» **Listed records**:
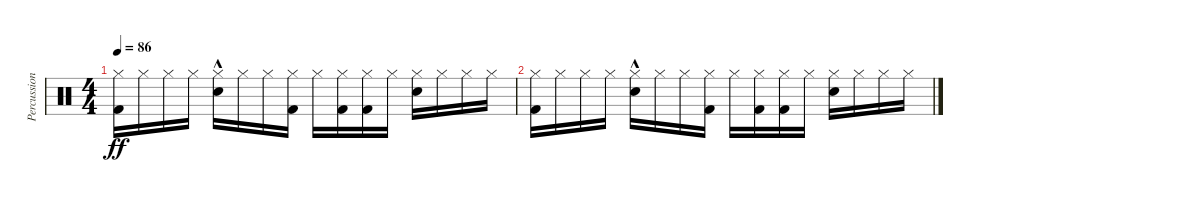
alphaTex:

\track ("Percussion" "Percussion") {instrument percussion}
\staff {score}
\articulation defaults
\ts (4 4)
\tempo 86
\clef neutral
\ks c
("Hi-Hat (closed)" "Kick (hit) 2").16{dy ff} "Hi-Hat (closed)".16 "Hi-Hat (closed)".16 "Hi-Hat (closed)".16 ("Snare (hit) 2"{hac} "Hi-Hat (closed)").16 "Hi-Hat (closed)".16 "Hi-Hat (closed)".16 ("Hi-Hat (closed)" "Kick (hit) 2").16 "Hi-Hat (closed)".16 ("Kick (hit) 2" "Hi-Hat (closed)").16 ("Kick (hit) 2" "Hi-Hat (closed)").16 "Hi-Hat (closed)".16 ("Hi-Hat (closed)" "Snare (hit) 2").16 "Hi-Hat (closed)".16 "Hi-Hat (closed)".16 "Hi-Hat (closed)".16 |
("Hi-Hat (closed)" "Kick (hit) 2").16 "Hi-Hat (closed)".16 "Hi-Hat (closed)".16 "Hi-Hat (closed)".16 ("Snare (hit) 2"{hac} "Hi-Hat (closed)").16 "Hi-Hat (closed)".16 "Hi-Hat (closed)".16 ("Hi-Hat (closed)" "Kick (hit) 2").16 "Hi-Hat (closed)".16 ("Kick (hit) 2" "Hi-Hat (closed)").16 ("Kick (hit) 2" "Hi-Hat (closed)").16 "Hi-Hat (closed)".16 ("Hi-Hat (closed)" "Snare (hit) 2").16 "Hi-Hat (closed)".16 "Hi-Hat (closed)".16 "Hi-Hat (closed)".16
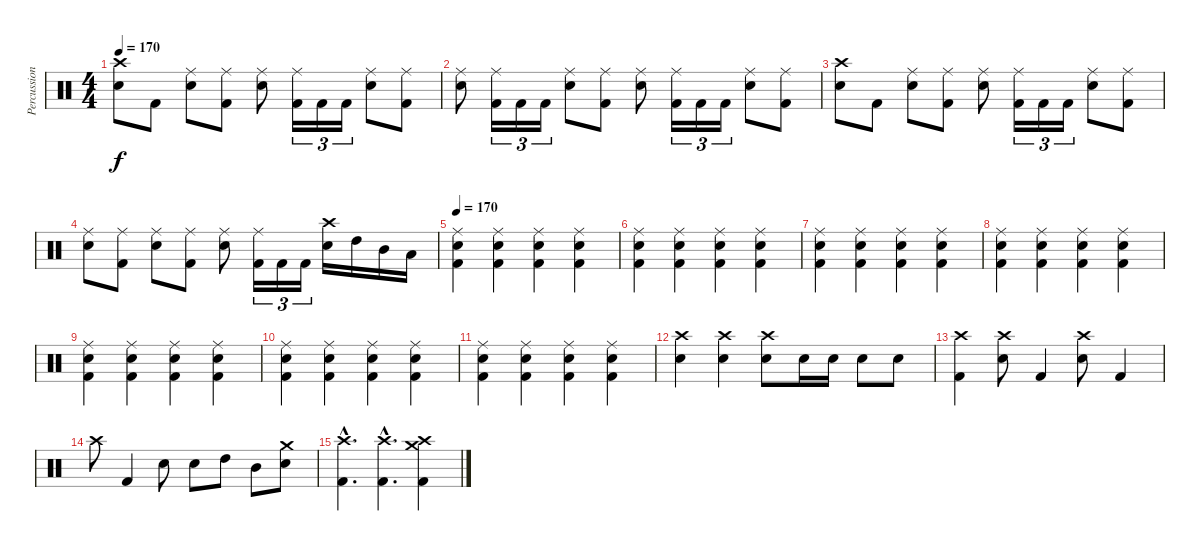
\track ("Percussion" "Percussion") {instrument percussion}
\staff {score}
\articulation defaults
\ts (4 4)
\tempo 170
\clef neutral
\ks c
("Crash high (hit)" "Electric Snare (hit)").8{dy f} "Kick (hit) 2".8 ("Ride (middle)" "Electric Snare (hit)").8 ("Ride (middle)" "Kick (hit) 2").8 ("Ride (middle)" "Electric Snare (hit)").8 ("Ride (middle)" "Kick (hit) 2").16{tu (3 2)} "Kick (hit) 2".16{tu (3 2)} "Kick (hit) 2".16{tu (3 2)} ("Ride (middle)" "Electric Snare (hit)").8 ("Ride (middle)" "Kick (hit) 2").8 |
("Ride (middle)" "Electric Snare (hit)").8 ("Ride (middle)" "Kick (hit) 2").16{tu (3 2)} "Kick (hit) 2".16{tu (3 2)} "Kick (hit) 2".16{tu (3 2)} ("Ride (middle)" "Electric Snare (hit)").8 ("Ride (middle)" "Kick (hit) 2").8 ("Ride (middle)" "Electric Snare (hit)").8 ("Ride (middle)" "Kick (hit) 2").16{tu (3 2)} "Kick (hit) 2".16{tu (3 2)} "Kick (hit) 2".16{tu (3 2)} ("Ride (middle)" "Electric Snare (hit)").8 ("Ride (middle)" "Kick (hit) 2").8 |
("Crash high (hit)" "Electric Snare (hit)").8 "Kick (hit) 2".8 ("Ride (middle)" "Electric Snare (hit)").8 ("Ride (middle)" "Kick (hit) 2").8 ("Ride (middle)" "Electric Snare (hit)").8 ("Ride (middle)" "Kick (hit) 2").16{tu (3 2)} "Kick (hit) 2".16{tu (3 2)} "Kick (hit) 2".16{tu (3 2)} ("Ride (middle)" "Electric Snare (hit)").8 ("Ride (middle)" "Kick (hit) 2").8 |
("Ride (middle)" "Electric Snare (hit)").8 ("Ride (middle)" "Kick (hit) 2").8 ("Ride (middle)" "Electric Snare (hit)").8 ("Ride (middle)" "Kick (hit) 2").8 ("Ride (middle)" "Electric Snare (hit)").8 ("Ride (middle)" "Kick (hit) 2").16{tu (3 2)} "Kick (hit) 2".16{tu (3 2)} "Kick (hit) 2".16{tu (3 2)} ("Crash high (hit)" "Electric Snare (hit)").16 "High Tom (hit)".16 "Mid Tom (hit)".16 "Low Tom (hit)".16 |
\tempo 170
("Ride (middle)" "Electric Snare (hit)" "Kick (hit) 2").4 ("Ride (middle)" "Electric Snare (hit)" "Kick (hit) 2").4 ("Ride (middle)" "Electric Snare (hit)" "Kick (hit) 2").4 ("Ride (middle)" "Electric Snare (hit)" "Kick (hit) 2").4 |
("Ride (middle)" "Electric Snare (hit)" "Kick (hit) 2").4 ("Ride (middle)" "Electric Snare (hit)" "Kick (hit) 2").4 ("Ride (middle)" "Electric Snare (hit)" "Kick (hit) 2").4 ("Ride (middle)" "Electric Snare (hit)" "Kick (hit) 2").4 |
("Ride (middle)" "Electric Snare (hit)" "Kick (hit) 2").4 ("Ride (middle)" "Electric Snare (hit)" "Kick (hit) 2").4 ("Ride (middle)" "Electric Snare (hit)" "Kick (hit) 2").4 ("Ride (middle)" "Electric Snare (hit)" "Kick (hit) 2").4 |
("Ride (middle)" "Electric Snare (hit)" "Kick (hit) 2").4 ("Ride (middle)" "Electric Snare (hit)" "Kick (hit) 2").4 ("Ride (middle)" "Electric Snare (hit)" "Kick (hit) 2").4 ("Ride (middle)" "Electric Snare (hit)" "Kick (hit) 2").4 |
("Ride (middle)" "Electric Snare (hit)" "Kick (hit) 2").4 ("Ride (middle)" "Electric Snare (hit)" "Kick (hit) 2").4 ("Ride (middle)" "Electric Snare (hit)" "Kick (hit) 2").4 ("Ride (middle)" "Electric Snare (hit)" "Kick (hit) 2").4 |
("Ride (middle)" "Electric Snare (hit)" "Kick (hit) 2").4 ("Ride (middle)" "Electric Snare (hit)" "Kick (hit) 2").4 ("Ride (middle)" "Electric Snare (hit)" "Kick (hit) 2").4 ("Ride (middle)" "Electric Snare (hit)" "Kick (hit) 2").4 |
("Ride (middle)" "Electric Snare (hit)" "Kick (hit) 2").4 ("Ride (middle)" "Electric Snare (hit)" "Kick (hit) 2").4 ("Ride (middle)" "Electric Snare (hit)" "Kick (hit) 2").4 ("Ride (middle)" "Electric Snare (hit)" "Kick (hit) 2").4 |
("Crash high (hit)" "Electric Snare (hit)").4 ("Crash high (hit)" "Electric Snare (hit)").4 ("Crash high (hit)" "Electric Snare (hit)").8 "Electric Snare (hit)".16 "Electric Snare (hit)".16 "Electric Snare (hit)".8 "Electric Snare (hit)".8 |
("Crash high (hit)" "Kick (hit) 2").4 ("Crash high (hit)" "Electric Snare (hit)").8 "Kick (hit) 2".4 ("Crash high (hit)" "Electric Snare (hit)").8 "Kick (hit) 2".4 |
"Crash high (hit)".8 "Kick (hit) 2".4 "Electric Snare (hit)".8 "Electric Snare (hit)".8 "High Tom (hit)".8 "Mid Tom (hit)".8 ("Crash medium (hit)" "Electric Snare (hit)").8 |
("Crash high (hit)"{hac} "Kick (hit) 2"{hac}).4{d} ("Crash high (hit)"{hac} "Kick (hit) 2"{hac}).4{d} ("Crash medium (hit)" "Crash high (hit)" "Kick (hit) 2").4
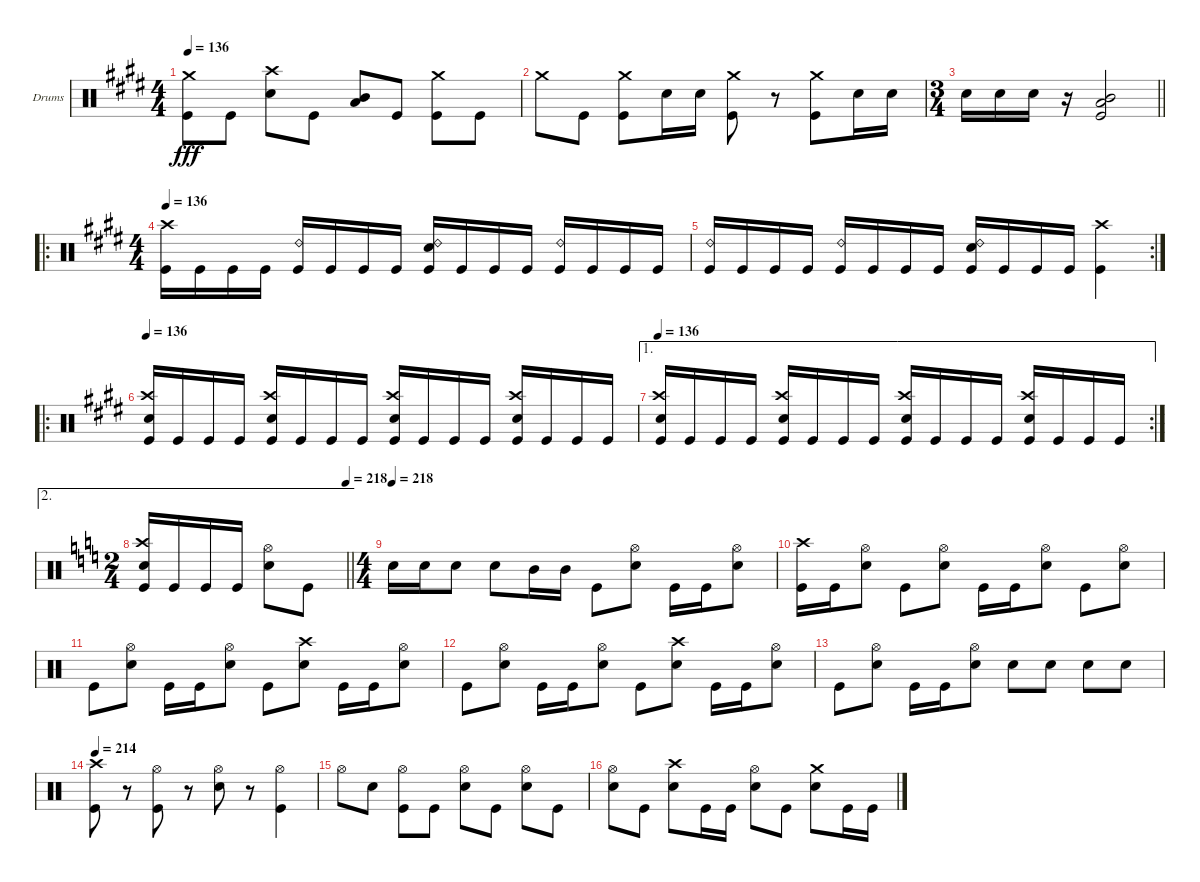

» **Assignment**: Output the listing above in full and exactly, with pictures excluded.

» **Expected output**:
alphaTex:

\track ("Percussion" "Percussion") {instrument percussion}
\staff {score}
\articulation defaults
\ts (4 4)
\tempo 86
\clef neutral
\ks c
("Hi-Hat (closed)" "Kick (hit) 2").16{dy ff} "Hi-Hat (closed)".16 "Hi-Hat (closed)".16 "Hi-Hat (closed)".16 ("Snare (hit) 2"{hac} "Hi-Hat (closed)").16 "Hi-Hat (closed)".16 "Hi-Hat (closed)".16 ("Hi-Hat (closed)" "Kick (hit) 2").16 "Hi-Hat (closed)".16 ("Kick (hit) 2" "Hi-Hat (closed)").16 ("Kick (hit) 2" "Hi-Hat (closed)").16 "Hi-Hat (closed)".16 ("Hi-Hat (closed)" "Snare (hit) 2").16 "Hi-Hat (closed)".16 "Hi-Hat (closed)".16 "Hi-Hat (closed)".16 |
("Hi-Hat (closed)" "Kick (hit) 2").16 "Hi-Hat (closed)".16 "Hi-Hat (closed)".16 "Hi-Hat (closed)".16 ("Snare (hit) 2"{hac} "Hi-Hat (closed)").16 "Hi-Hat (closed)".16 "Hi-Hat (closed)".16 ("Hi-Hat (closed)" "Kick (hit) 2").16 "Hi-Hat (closed)".16 ("Kick (hit) 2" "Hi-Hat (closed)").16 ("Kick (hit) 2" "Hi-Hat (closed)").16 "Hi-Hat (closed)".16 ("Hi-Hat (closed)" "Snare (hit) 2").16 "Hi-Hat (closed)".16 "Hi-Hat (closed)".16 "Hi-Hat (closed)".16
\track ("Percussion" "Percussion") {instrument percussion}
\staff {score}
\articulation defaults
\ts (4 4)
\tempo 170
\clef neutral
\ks c
("Crash high (hit)" "Electric Snare (hit)").8{dy f} "Kick (hit) 2".8 ("Ride (middle)" "Electric Snare (hit)").8 ("Ride (middle)" "Kick (hit) 2").8 ("Ride (middle)" "Electric Snare (hit)").8 ("Ride (middle)" "Kick (hit) 2").16{tu (3 2)} "Kick (hit) 2".16{tu (3 2)} "Kick (hit) 2".16{tu (3 2)} ("Ride (middle)" "Electric Snare (hit)").8 ("Ride (middle)" "Kick (hit) 2").8 |
("Ride (middle)" "Electric Snare (hit)").8 ("Ride (middle)" "Kick (hit) 2").16{tu (3 2)} "Kick (hit) 2".16{tu (3 2)} "Kick (hit) 2".16{tu (3 2)} ("Ride (middle)" "Electric Snare (hit)").8 ("Ride (middle)" "Kick (hit) 2").8 ("Ride (middle)" "Electric Snare (hit)").8 ("Ride (middle)" "Kick (hit) 2").16{tu (3 2)} "Kick (hit) 2".16{tu (3 2)} "Kick (hit) 2".16{tu (3 2)} ("Ride (middle)" "Electric Snare (hit)").8 ("Ride (middle)" "Kick (hit) 2").8 |
("Crash high (hit)" "Electric Snare (hit)").8 "Kick (hit) 2".8 ("Ride (middle)" "Electric Snare (hit)").8 ("Ride (middle)" "Kick (hit) 2").8 ("Ride (middle)" "Electric Snare (hit)").8 ("Ride (middle)" "Kick (hit) 2").16{tu (3 2)} "Kick (hit) 2".16{tu (3 2)} "Kick (hit) 2".16{tu (3 2)} ("Ride (middle)" "Electric Snare (hit)").8 ("Ride (middle)" "Kick (hit) 2").8 |
("Ride (middle)" "Electric Snare (hit)").8 ("Ride (middle)" "Kick (hit) 2").8 ("Ride (middle)" "Electric Snare (hit)").8 ("Ride (middle)" "Kick (hit) 2").8 ("Ride (middle)" "Electric Snare (hit)").8 ("Ride (middle)" "Kick (hit) 2").16{tu (3 2)} "Kick (hit) 2".16{tu (3 2)} "Kick (hit) 2".16{tu (3 2)} ("Crash high (hit)" "Electric Snare (hit)").16 "High Tom (hit)".16 "Mid Tom (hit)".16 "Low Tom (hit)".16 |
\tempo 170
("Ride (middle)" "Electric Snare (hit)" "Kick (hit) 2").4 ("Ride (middle)" "Electric Snare (hit)" "Kick (hit) 2").4 ("Ride (middle)" "Electric Snare (hit)" "Kick (hit) 2").4 ("Ride (middle)" "Electric Snare (hit)" "Kick (hit) 2").4 |
("Ride (middle)" "Electric Snare (hit)" "Kick (hit) 2").4 ("Ride (middle)" "Electric Snare (hit)" "Kick (hit) 2").4 ("Ride (middle)" "Electric Snare (hit)" "Kick (hit) 2").4 ("Ride (middle)" "Electric Snare (hit)" "Kick (hit) 2").4 |
("Ride (middle)" "Electric Snare (hit)" "Kick (hit) 2").4 ("Ride (middle)" "Electric Snare (hit)" "Kick (hit) 2").4 ("Ride (middle)" "Electric Snare (hit)" "Kick (hit) 2").4 ("Ride (middle)" "Electric Snare (hit)" "Kick (hit) 2").4 |
("Ride (middle)" "Electric Snare (hit)" "Kick (hit) 2").4 ("Ride (middle)" "Electric Snare (hit)" "Kick (hit) 2").4 ("Ride (middle)" "Electric Snare (hit)" "Kick (hit) 2").4 ("Ride (middle)" "Electric Snare (hit)" "Kick (hit) 2").4 |
("Ride (middle)" "Electric Snare (hit)" "Kick (hit) 2").4 ("Ride (middle)" "Electric Snare (hit)" "Kick (hit) 2").4 ("Ride (middle)" "Electric Snare (hit)" "Kick (hit) 2").4 ("Ride (middle)" "Electric Snare (hit)" "Kick (hit) 2").4 |
("Ride (middle)" "Electric Snare (hit)" "Kick (hit) 2").4 ("Ride (middle)" "Electric Snare (hit)" "Kick (hit) 2").4 ("Ride (middle)" "Electric Snare (hit)" "Kick (hit) 2").4 ("Ride (middle)" "Electric Snare (hit)" "Kick (hit) 2").4 |
("Ride (middle)" "Electric Snare (hit)" "Kick (hit) 2").4 ("Ride (middle)" "Electric Snare (hit)" "Kick (hit) 2").4 ("Ride (middle)" "Electric Snare (hit)" "Kick (hit) 2").4 ("Ride (middle)" "Electric Snare (hit)" "Kick (hit) 2").4 |
("Crash high (hit)" "Electric Snare (hit)").4 ("Crash high (hit)" "Electric Snare (hit)").4 ("Crash high (hit)" "Electric Snare (hit)").8 "Electric Snare (hit)".16 "Electric Snare (hit)".16 "Electric Snare (hit)".8 "Electric Snare (hit)".8 |
("Crash high (hit)" "Kick (hit) 2").4 ("Crash high (hit)" "Electric Snare (hit)").8 "Kick (hit) 2".4 ("Crash high (hit)" "Electric Snare (hit)").8 "Kick (hit) 2".4 |
"Crash high (hit)".8 "Kick (hit) 2".4 "Electric Snare (hit)".8 "Electric Snare (hit)".8 "High Tom (hit)".8 "Mid Tom (hit)".8 ("Crash medium (hit)" "Electric Snare (hit)").8 |
("Crash high (hit)"{hac} "Kick (hit) 2"{hac}).4{d} ("Crash high (hit)"{hac} "Kick (hit) 2"{hac}).4{d} ("Crash medium (hit)" "Crash high (hit)" "Kick (hit) 2").4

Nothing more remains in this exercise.